Sidebar: I’ve noticed that they’ve been awfully cagey about just how many women are at the invite-only WEF meeting; one article lumped in women amidst everyone else in the overwhelming minority at the WEF (third world leaders, human rights activists, union leaders, etc.). The Times’ editorial column said it was some 3,000 Davos Men, and a sprinkling of Davos Women. For all their apologia, it’s really hard to shade just how reactionary in constitution their Good Ol’ Boys meeting is.

For further reading

The Problems of Black Block Militancy: Milksop Liberalism is Not the Answer

A column by Clay Risen [IMC] begins with some interesting suggestions to the effect that the debate over the security fence marking off a no-free-speech zone for the upcoming IMF/World Bank protests in DC is probably something of a red herring: debate over the fence and security vs. the rights of demonstrators will eclipse the discussion of the actual meeting, individuals, and issues that they are demonstrating against. All this is very true. On the other hand, Risen quickly descends into feel-good liberal blather as he suggests that black-masked anarchists who will take direct action against the fence or other private property will cast a pall on the entire effort that peaceful, thoughtful people labored for. Predictably, he invokes the well-worn liberal platitudes about Gandhi and Martin Luther King Jr. to justify his sweeping dismissal of militant tactics and assumes that anyone who pursues them is simply an unthinking brute.

Well, look. A critique of Black Bloc-style militant tactics is in order. I know way too many would-be revolutionary white boys who have the time and the luxury to go to DC and throw things at police, but not everyone has the time, money, or legal protections and privileges that let them indulge in antagonism of police. But strategic use of direct action, including forceful direct action, can be a valid and important tactic. Police have proven in Genoa, DC, Philadelphia, etc. that they don’t give a shit whether you are violent or non-violent: they will beat the shit out of you and arrest you either way, and if they can’t figure out a reason they will make one up. Here, for example, the Black Bloc’s tactic of using force to un-arrest people from the police is a hell of a lot better than the passive acceptence of police state tactics urged by the liberals. Similarly, smashing barriers that keep demonstrators away from areas of wide public spectacle and media attention can accomplish the major goal of getting presence in the media (and directly in front of thousands of people) in a way that merely holding press conferences and peaceful marches will not do. Here a good example was the Black Bloc’s smashing of barriers between demonstrators and the motorcade route during the inauguration protests in DC.
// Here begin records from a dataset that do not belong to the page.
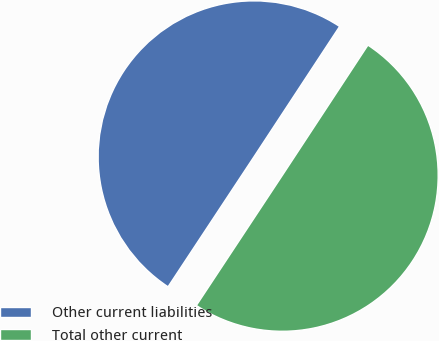Convert chart. <chart><loc_0><loc_0><loc_500><loc_500><pie_chart><fcel>Other current liabilities<fcel>Total other current<nl><fcel>49.96%<fcel>50.04%<nl></chart> 
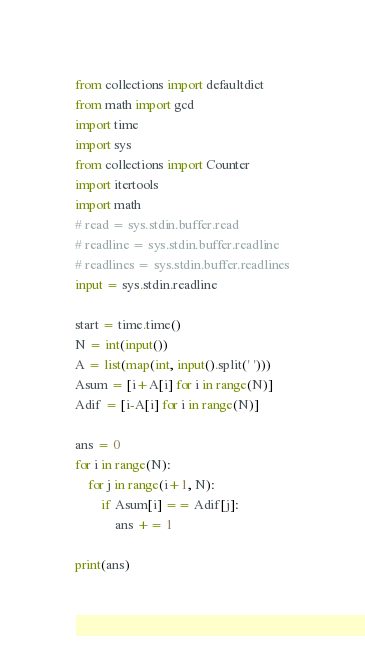<code> <loc_0><loc_0><loc_500><loc_500><_Python_>from collections import defaultdict
from math import gcd
import time
import sys
from collections import Counter
import itertools
import math
# read = sys.stdin.buffer.read
# readline = sys.stdin.buffer.readline
# readlines = sys.stdin.buffer.readlines
input = sys.stdin.readline

start = time.time()
N = int(input())
A = list(map(int, input().split(' ')))
Asum = [i+A[i] for i in range(N)]
Adif = [i-A[i] for i in range(N)]

ans = 0
for i in range(N):
    for j in range(i+1, N):
        if Asum[i] == Adif[j]:
            ans += 1

print(ans)
</code> 
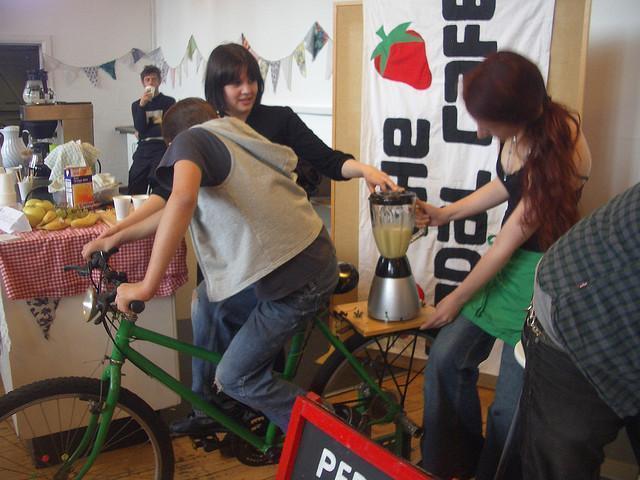How many people are there?
Give a very brief answer. 5. How many tracks have a train on them?
Give a very brief answer. 0. 
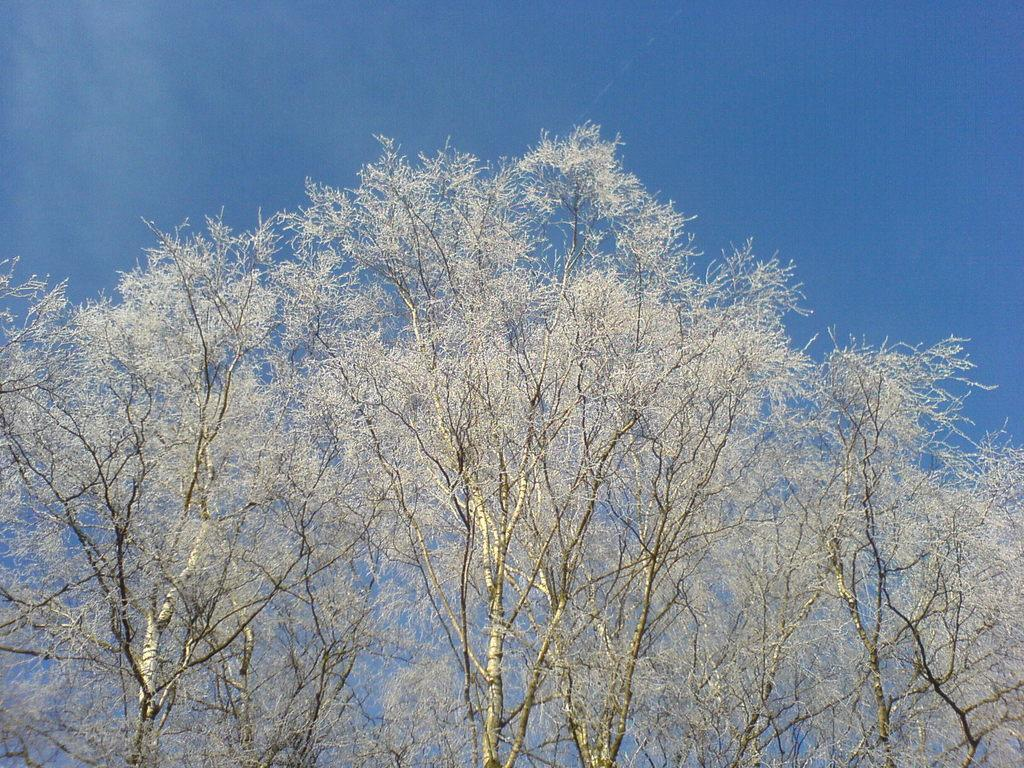What is located in the center of the image? There are trees in the center of the image. What can be seen in the background of the image? There is sky visible in the background of the image. What type of watch can be seen on the toes of the person in the image? There is no person or watch present in the image; it only features trees and sky. 
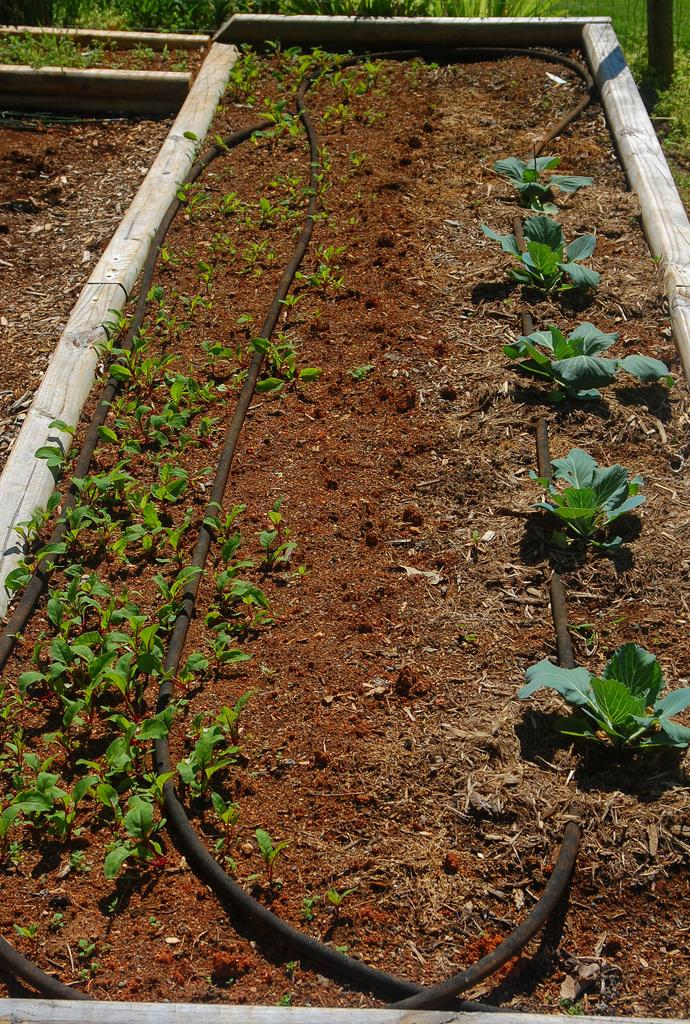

We have, have, have to drop this one-dimensional mania for non-violent demonstrations and civil disobedience, along with its insipid, uncritical canonization of Gandhi and Martin Luther King Jr. Strategic use of violence — violence in self-defense, violence against barriers which have no right to exist in the first place and which it serves a goal to destroy — is a hell of a lot more effective than marching around in a pathetic little circle with clever slogans on signs that the DC police have ensured no-one will see. Both violent and non-violent action are needed. India’s liberation was not accomplished by Gandhi’s march to the sea, but by both Gandhi and militants such as Communist workers. Black liberation in the United States, insofar as it has occurred, was not the invention of Martin Luther King Jr.; it was both Martin Luther King and Malcolm X, the Black Panther Party, etc.